TASK DIRECTIONS: One exact copy of the listing is needed. It should contain no pictures.

SUPPLIED MATERIAL:

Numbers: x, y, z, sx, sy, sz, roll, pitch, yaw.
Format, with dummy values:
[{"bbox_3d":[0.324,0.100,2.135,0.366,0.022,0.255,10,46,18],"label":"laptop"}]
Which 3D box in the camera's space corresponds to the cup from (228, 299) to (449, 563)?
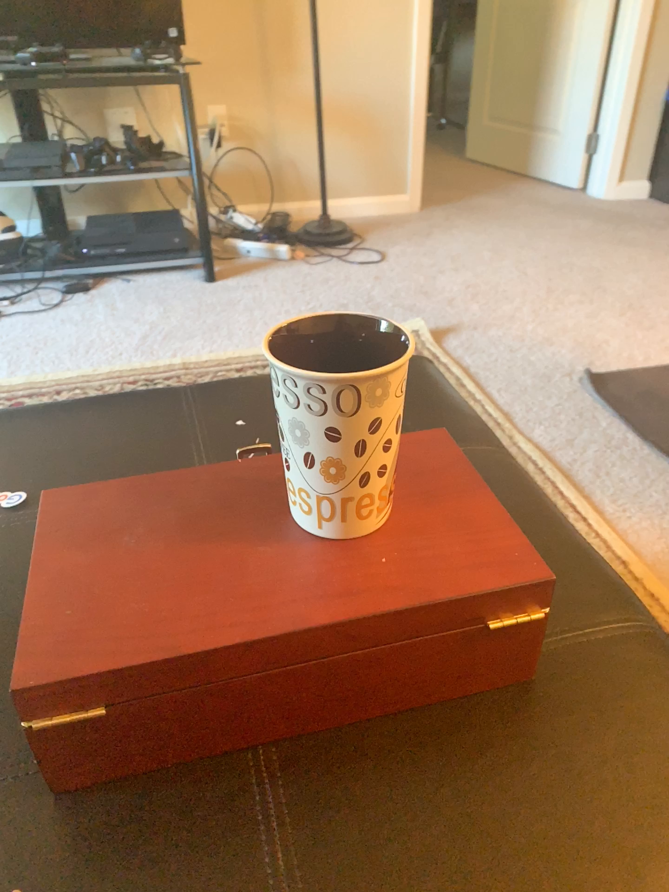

WRITTEN ANSWER:
Numbers: x, y, z, sx, sy, sz, roll, pitch, yaw.
Format, with dummy values:
[{"bbox_3d":[0.324,0.100,2.135,0.366,0.022,0.255,10,46,18],"label":"laptop"}]
Which 3D box in the camera's space corresponds to the cup from (228, 299) to (449, 563)?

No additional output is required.